__THE PROBLEM__
Without adding anything, give again the lines from the one holding "return(a*b)//math.gcd(a,b)" through the final line of the records, exactly, with both ends included and pictures dropped.

__PROVIDED MATERIAL__

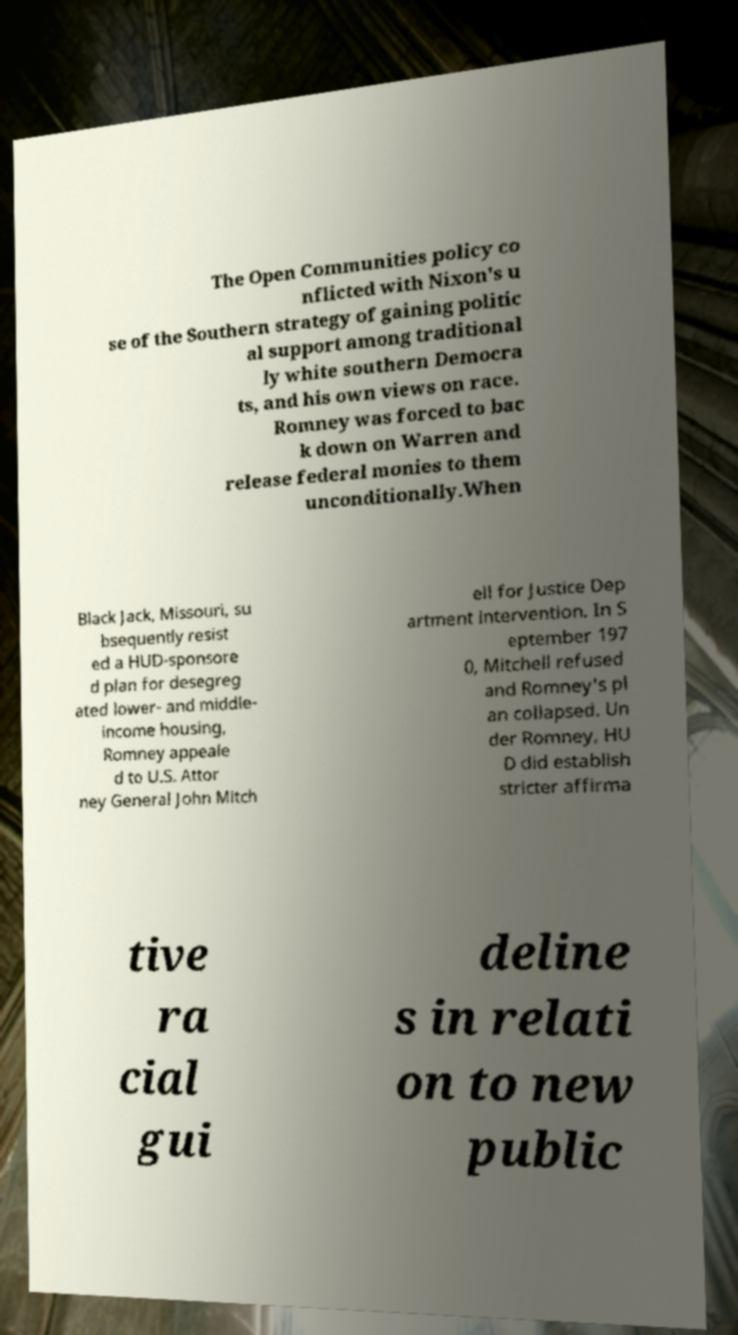What messages or text are displayed in this image? I need them in a readable, typed format. The Open Communities policy co nflicted with Nixon's u se of the Southern strategy of gaining politic al support among traditional ly white southern Democra ts, and his own views on race. Romney was forced to bac k down on Warren and release federal monies to them unconditionally.When Black Jack, Missouri, su bsequently resist ed a HUD-sponsore d plan for desegreg ated lower- and middle- income housing, Romney appeale d to U.S. Attor ney General John Mitch ell for Justice Dep artment intervention. In S eptember 197 0, Mitchell refused and Romney's pl an collapsed. Un der Romney, HU D did establish stricter affirma tive ra cial gui deline s in relati on to new public 
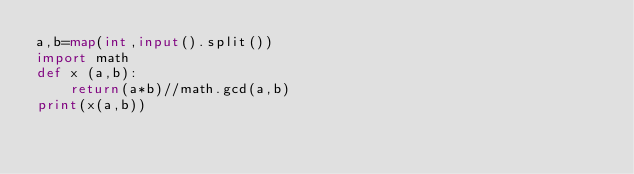Convert code to text. <code><loc_0><loc_0><loc_500><loc_500><_Python_>a,b=map(int,input().split())
import math
def x (a,b):
    return(a*b)//math.gcd(a,b)
print(x(a,b))
</code> 
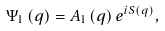<formula> <loc_0><loc_0><loc_500><loc_500>\Psi _ { 1 } \left ( q \right ) = A _ { 1 } \left ( q \right ) e ^ { i S \left ( q \right ) } ,</formula> 
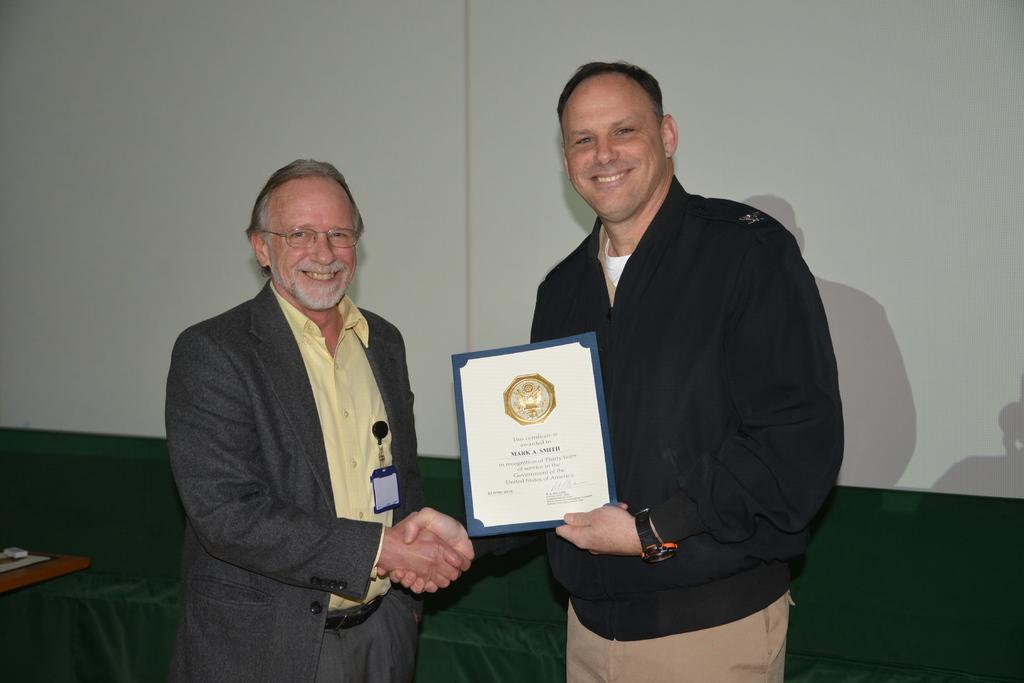Please provide a concise description of this image. In the center of the image there are two persons shaking hands. In the background of the image there is wall. There is a green color sofa. To the left side of the image there is a table. 
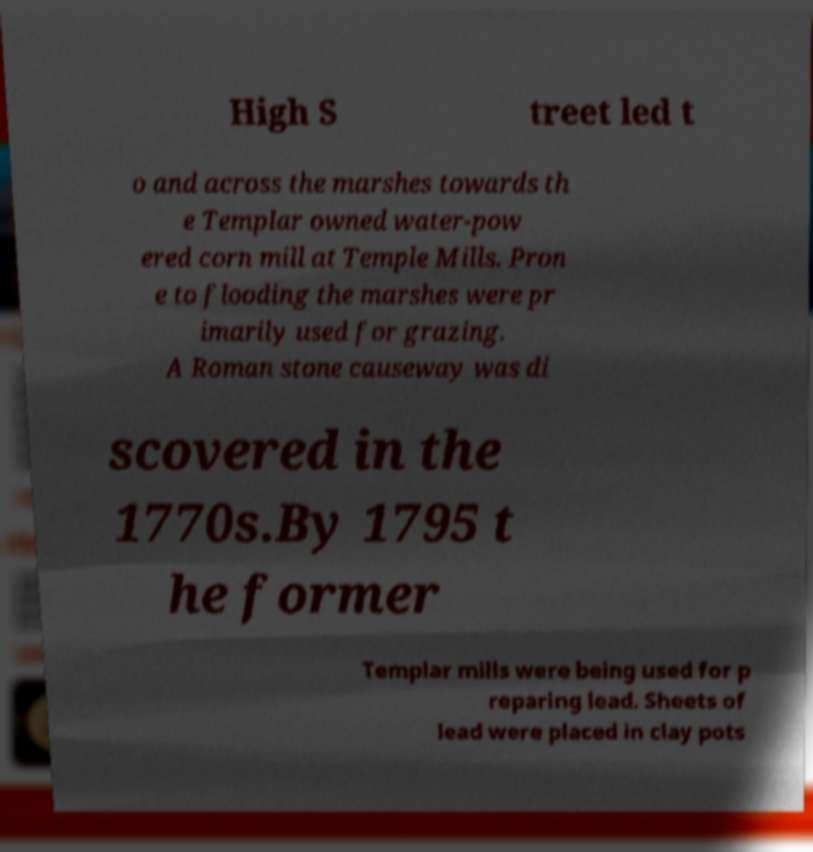Could you extract and type out the text from this image? High S treet led t o and across the marshes towards th e Templar owned water-pow ered corn mill at Temple Mills. Pron e to flooding the marshes were pr imarily used for grazing. A Roman stone causeway was di scovered in the 1770s.By 1795 t he former Templar mills were being used for p reparing lead. Sheets of lead were placed in clay pots 
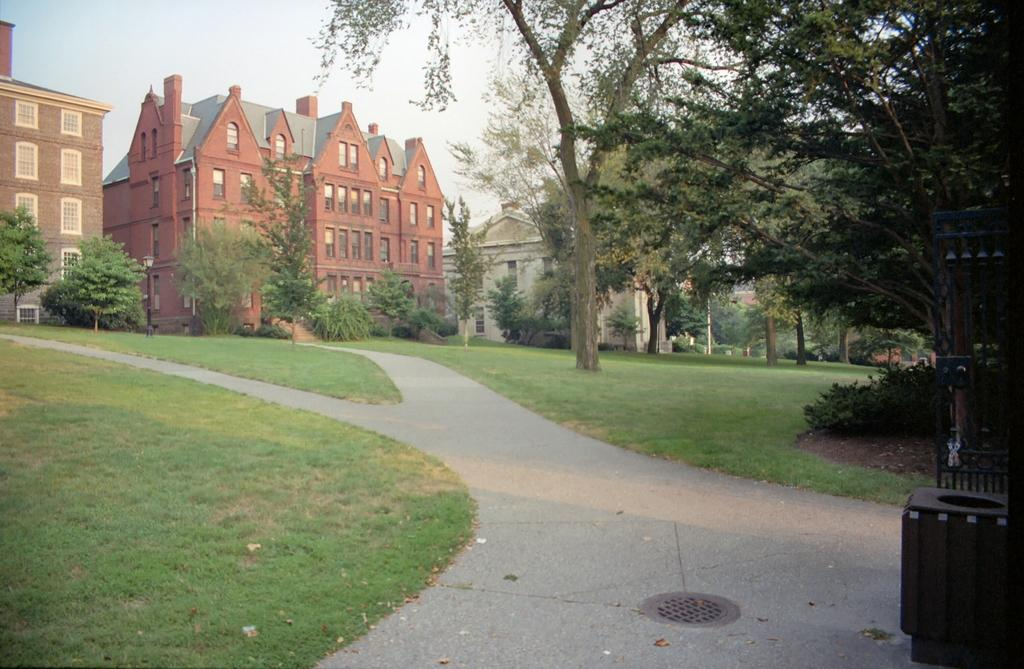What type of structures can be seen in the image? There are buildings in the image. What natural elements are present in the image? There are trees, grass, and plants in the image. What man-made feature is visible in the image? There is a road in the image. What part of the natural environment is visible in the image? The sky is visible in the image. What story is being told by the plants in the image? There is no story being told by the plants in the image; they are simply part of the natural environment. Can you describe the slope of the road in the image? There is no mention of a slope in the image; the road appears to be flat.

__SOLUTION TO THIS EXERCISE__
    return(a*b)//math.gcd(a,b)
print(x(a,b))
</code> 
<formula> <loc_0><loc_0><loc_500><loc_500>\Psi _ { 1 } \left ( q \right ) = A _ { 1 } \left ( q \right ) e ^ { i S \left ( q \right ) } ,</formula> 
Please provide a concise description of this image. In the center of the image there are two persons shaking hands. In the background of the image there is wall. There is a green color sofa. To the left side of the image there is a table. 
Could you extract and type out the text from this image? High S treet led t o and across the marshes towards th e Templar owned water-pow ered corn mill at Temple Mills. Pron e to flooding the marshes were pr imarily used for grazing. A Roman stone causeway was di scovered in the 1770s.By 1795 t he former Templar mills were being used for p reparing lead. Sheets of lead were placed in clay pots 
What type of structures can be seen in the image? There are buildings in the image. What natural elements are present in the image? There are trees, grass, and plants in the image. What man-made feature is visible in the image? There is a road in the image. What part of the natural environment is visible in the image? The sky is visible in the image. What story is being told by the plants in the image? There is no story being told by the plants in the image; they are simply part of the natural environment. Can you describe the slope of the road in the image? There is no mention of a slope in the image; the road appears to be flat.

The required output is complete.